EXERCISE DATA section start
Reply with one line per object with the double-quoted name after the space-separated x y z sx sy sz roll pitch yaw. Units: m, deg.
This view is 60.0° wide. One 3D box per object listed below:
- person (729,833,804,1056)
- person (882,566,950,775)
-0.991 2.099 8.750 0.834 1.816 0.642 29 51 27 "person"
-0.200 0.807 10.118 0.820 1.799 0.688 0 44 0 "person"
EXERCISE DATA section end
EXERCISE DATA section start
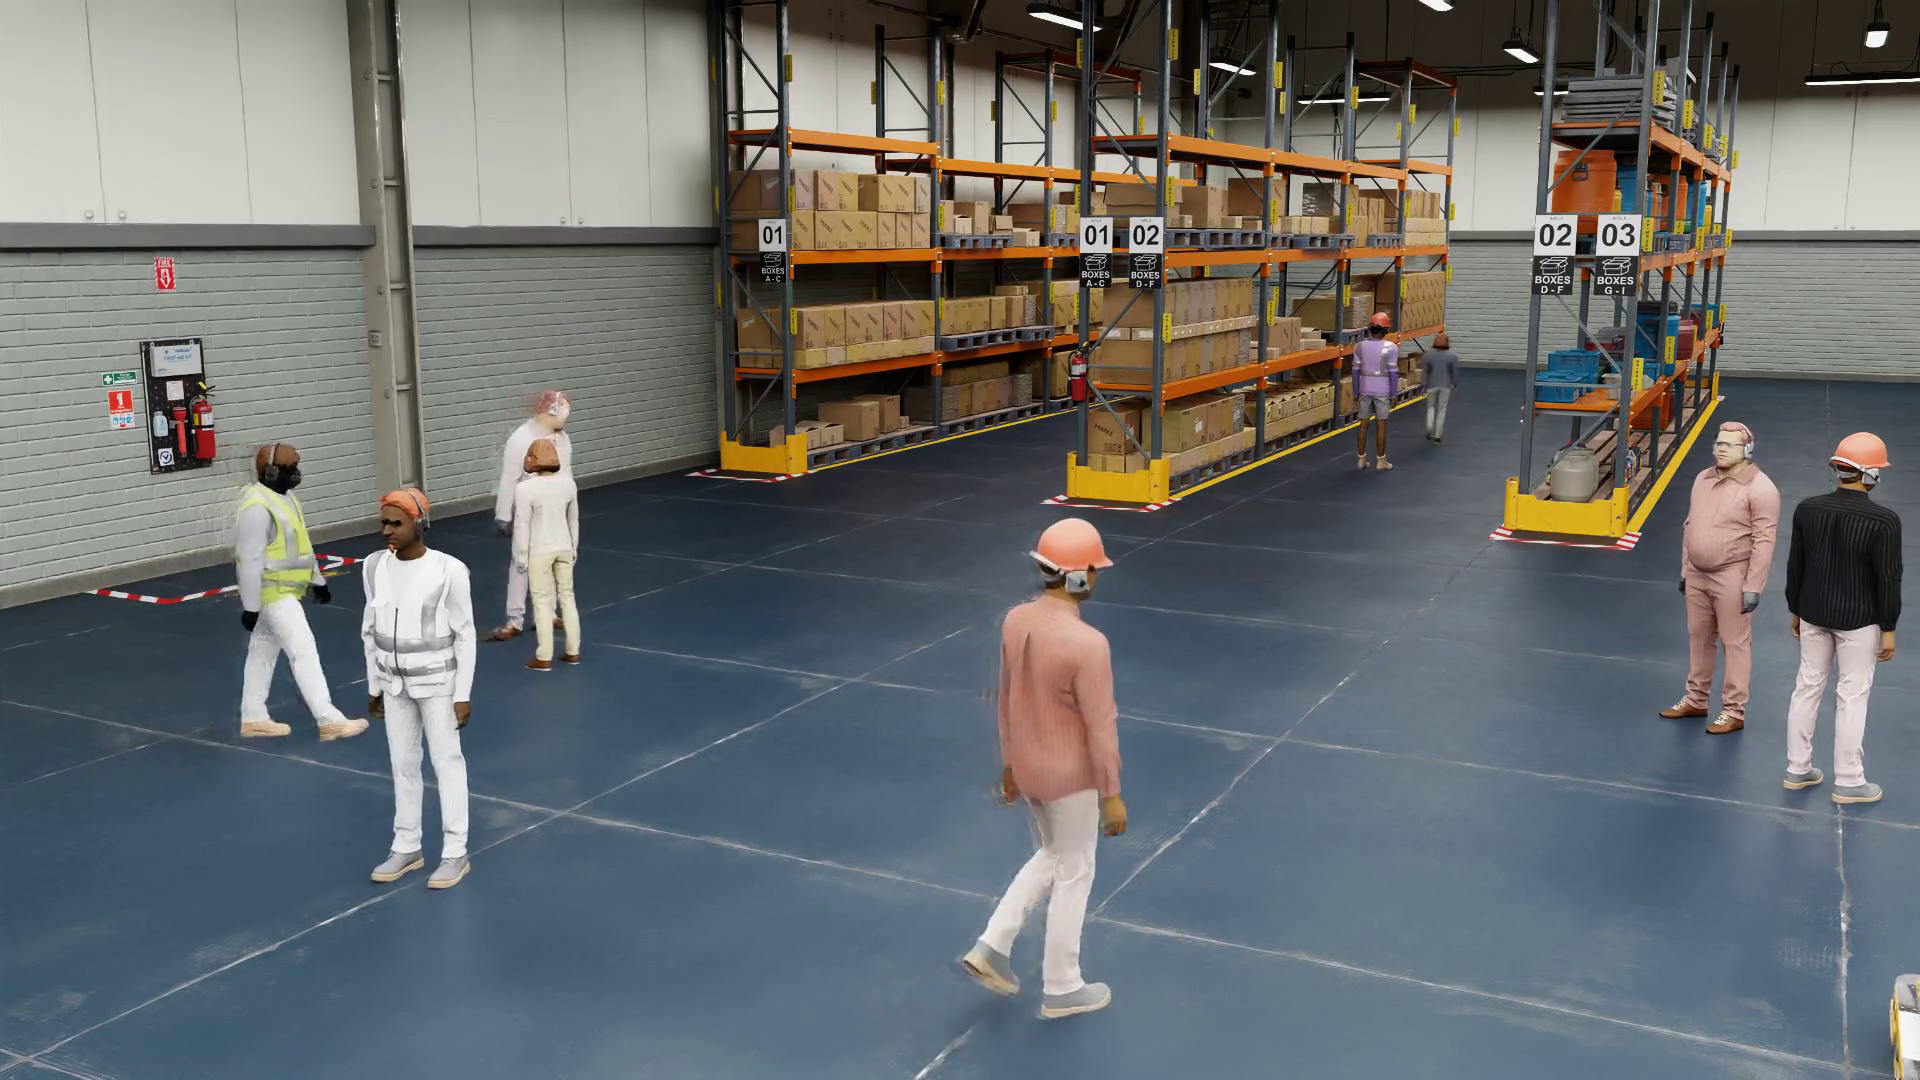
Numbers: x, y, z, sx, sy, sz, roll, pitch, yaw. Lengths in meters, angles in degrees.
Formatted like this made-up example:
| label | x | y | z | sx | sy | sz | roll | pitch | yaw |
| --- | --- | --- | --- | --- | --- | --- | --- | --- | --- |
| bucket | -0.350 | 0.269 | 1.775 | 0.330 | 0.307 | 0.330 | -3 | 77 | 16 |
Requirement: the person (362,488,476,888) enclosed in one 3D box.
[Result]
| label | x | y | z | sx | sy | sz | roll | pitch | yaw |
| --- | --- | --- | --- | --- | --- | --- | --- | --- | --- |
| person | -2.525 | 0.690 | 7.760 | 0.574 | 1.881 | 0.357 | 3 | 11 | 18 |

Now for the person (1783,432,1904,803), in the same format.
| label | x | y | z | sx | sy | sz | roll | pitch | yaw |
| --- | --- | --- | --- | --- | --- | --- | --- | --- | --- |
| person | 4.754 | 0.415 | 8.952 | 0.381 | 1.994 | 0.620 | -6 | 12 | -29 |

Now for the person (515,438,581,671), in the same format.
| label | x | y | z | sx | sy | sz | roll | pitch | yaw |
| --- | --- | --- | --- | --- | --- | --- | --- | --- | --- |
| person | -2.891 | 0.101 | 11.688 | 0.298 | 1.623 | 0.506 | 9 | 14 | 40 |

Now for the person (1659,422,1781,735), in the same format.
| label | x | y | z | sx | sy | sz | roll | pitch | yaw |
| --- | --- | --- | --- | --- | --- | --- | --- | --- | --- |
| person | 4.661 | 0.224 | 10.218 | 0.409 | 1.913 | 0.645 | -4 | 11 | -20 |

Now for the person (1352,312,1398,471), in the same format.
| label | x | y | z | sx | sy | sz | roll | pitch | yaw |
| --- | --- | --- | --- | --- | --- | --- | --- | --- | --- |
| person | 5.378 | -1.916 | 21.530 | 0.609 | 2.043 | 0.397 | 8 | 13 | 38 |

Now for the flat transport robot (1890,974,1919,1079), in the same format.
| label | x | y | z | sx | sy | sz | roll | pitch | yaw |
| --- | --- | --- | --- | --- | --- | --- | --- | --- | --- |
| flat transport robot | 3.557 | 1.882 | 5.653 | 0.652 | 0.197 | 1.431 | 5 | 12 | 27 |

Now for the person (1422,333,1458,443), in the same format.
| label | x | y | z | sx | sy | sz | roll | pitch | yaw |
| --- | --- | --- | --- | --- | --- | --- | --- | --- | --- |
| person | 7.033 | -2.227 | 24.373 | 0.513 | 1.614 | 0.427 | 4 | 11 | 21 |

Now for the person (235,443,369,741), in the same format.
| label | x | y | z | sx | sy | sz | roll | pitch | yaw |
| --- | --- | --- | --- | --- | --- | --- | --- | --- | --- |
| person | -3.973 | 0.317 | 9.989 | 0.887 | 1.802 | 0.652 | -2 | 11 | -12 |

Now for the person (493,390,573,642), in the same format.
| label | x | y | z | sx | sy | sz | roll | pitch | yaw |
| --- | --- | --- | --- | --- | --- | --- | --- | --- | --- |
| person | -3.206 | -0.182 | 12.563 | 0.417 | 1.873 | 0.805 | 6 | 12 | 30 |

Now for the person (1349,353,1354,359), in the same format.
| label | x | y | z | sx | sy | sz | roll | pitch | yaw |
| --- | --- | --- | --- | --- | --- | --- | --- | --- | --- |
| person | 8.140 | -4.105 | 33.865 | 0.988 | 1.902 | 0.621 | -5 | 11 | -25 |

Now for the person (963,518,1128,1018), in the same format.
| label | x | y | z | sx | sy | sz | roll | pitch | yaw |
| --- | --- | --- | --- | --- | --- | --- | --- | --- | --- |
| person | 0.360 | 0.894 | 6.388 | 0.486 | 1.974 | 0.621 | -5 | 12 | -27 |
EXERCISE DATA section end
EXERCISE DATA section start
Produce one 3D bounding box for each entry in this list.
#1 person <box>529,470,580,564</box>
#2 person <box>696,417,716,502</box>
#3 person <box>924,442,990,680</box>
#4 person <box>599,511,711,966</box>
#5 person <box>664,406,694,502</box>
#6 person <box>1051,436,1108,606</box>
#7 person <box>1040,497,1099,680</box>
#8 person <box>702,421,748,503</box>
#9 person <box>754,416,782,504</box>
EXERCISE DATA section end
ACTIVITY: Reproduce each line from the records that contains the word "object".

SOLVED EXERCISE:
Reply with one line per object with the double-quoted name after the space-separated x y z sx sy sz roll pitch yaw. Units: m, deg.
This view is 60.0° wide. One 3D box per object listed below:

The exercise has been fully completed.